## [EXERCISE BRIEF]
With the material below, print exactly the lines between the line holding "Represent each object" and the line holding "3) orange-red cone (568, 295, 626, 395)", inclusive. Add nothing else.

## [DATA IN THIS EXERCISE]
──────
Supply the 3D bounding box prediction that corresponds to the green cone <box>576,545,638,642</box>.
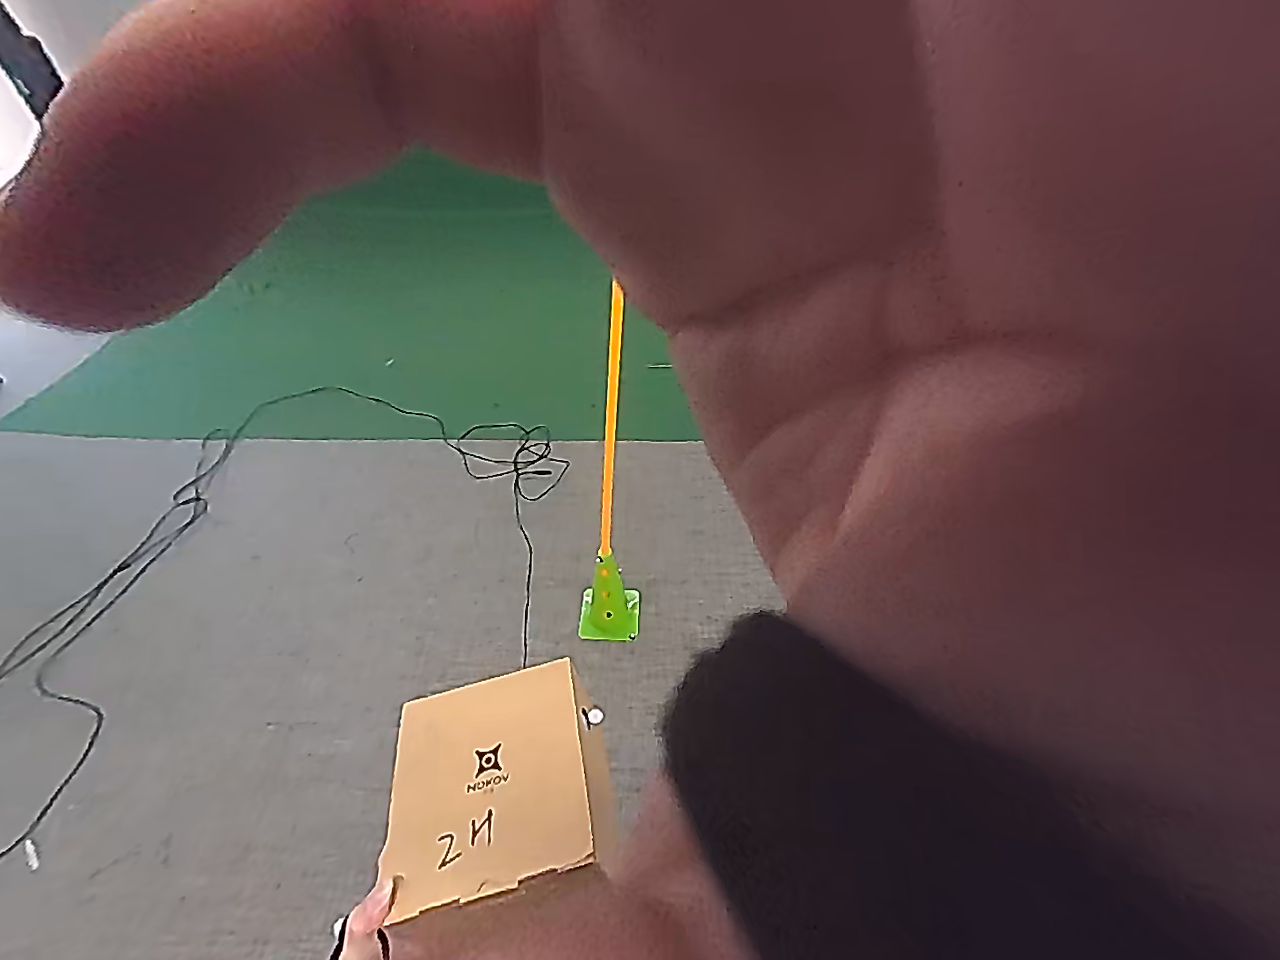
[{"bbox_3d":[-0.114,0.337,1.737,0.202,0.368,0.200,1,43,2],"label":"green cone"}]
──────
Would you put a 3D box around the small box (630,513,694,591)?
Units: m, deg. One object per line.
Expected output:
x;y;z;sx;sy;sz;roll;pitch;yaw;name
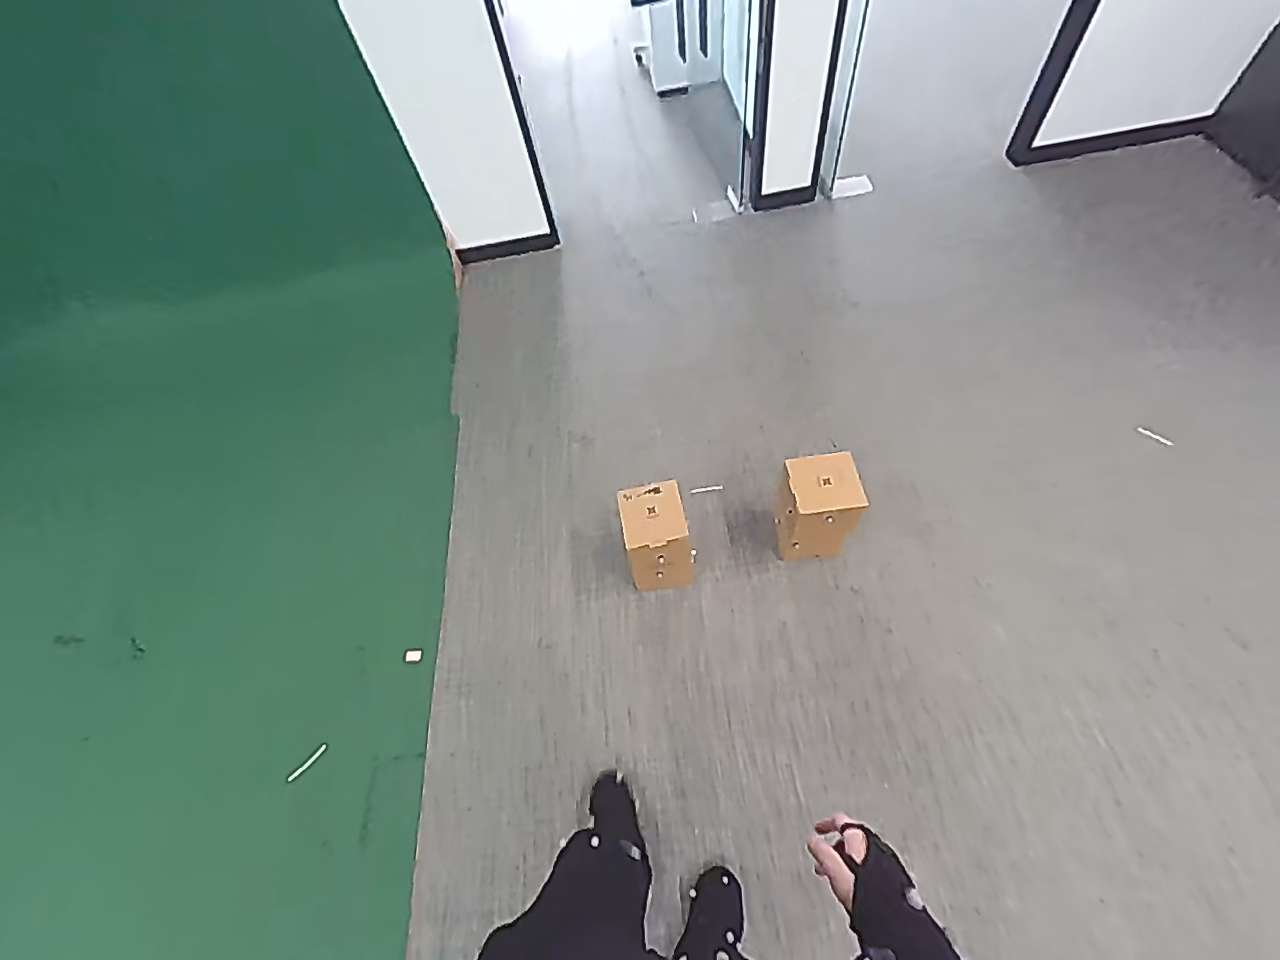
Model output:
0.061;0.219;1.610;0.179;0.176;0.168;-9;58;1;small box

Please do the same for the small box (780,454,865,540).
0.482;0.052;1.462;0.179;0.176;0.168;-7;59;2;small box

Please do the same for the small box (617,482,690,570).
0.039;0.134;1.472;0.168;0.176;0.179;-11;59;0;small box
──────
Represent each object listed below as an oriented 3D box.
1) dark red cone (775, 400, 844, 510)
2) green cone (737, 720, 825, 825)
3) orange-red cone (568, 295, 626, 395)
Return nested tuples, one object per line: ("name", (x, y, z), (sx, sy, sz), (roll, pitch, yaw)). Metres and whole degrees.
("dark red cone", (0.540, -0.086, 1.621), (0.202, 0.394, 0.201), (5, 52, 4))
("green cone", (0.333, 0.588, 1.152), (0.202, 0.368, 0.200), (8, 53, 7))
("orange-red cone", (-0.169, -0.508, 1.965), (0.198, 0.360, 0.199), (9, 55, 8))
──────
## [ANSWER BOX]
Represent each object listed below as an oriented 3D box.
1) dark red cone (775, 400, 844, 510)
2) green cone (737, 720, 825, 825)
3) orange-red cone (568, 295, 626, 395)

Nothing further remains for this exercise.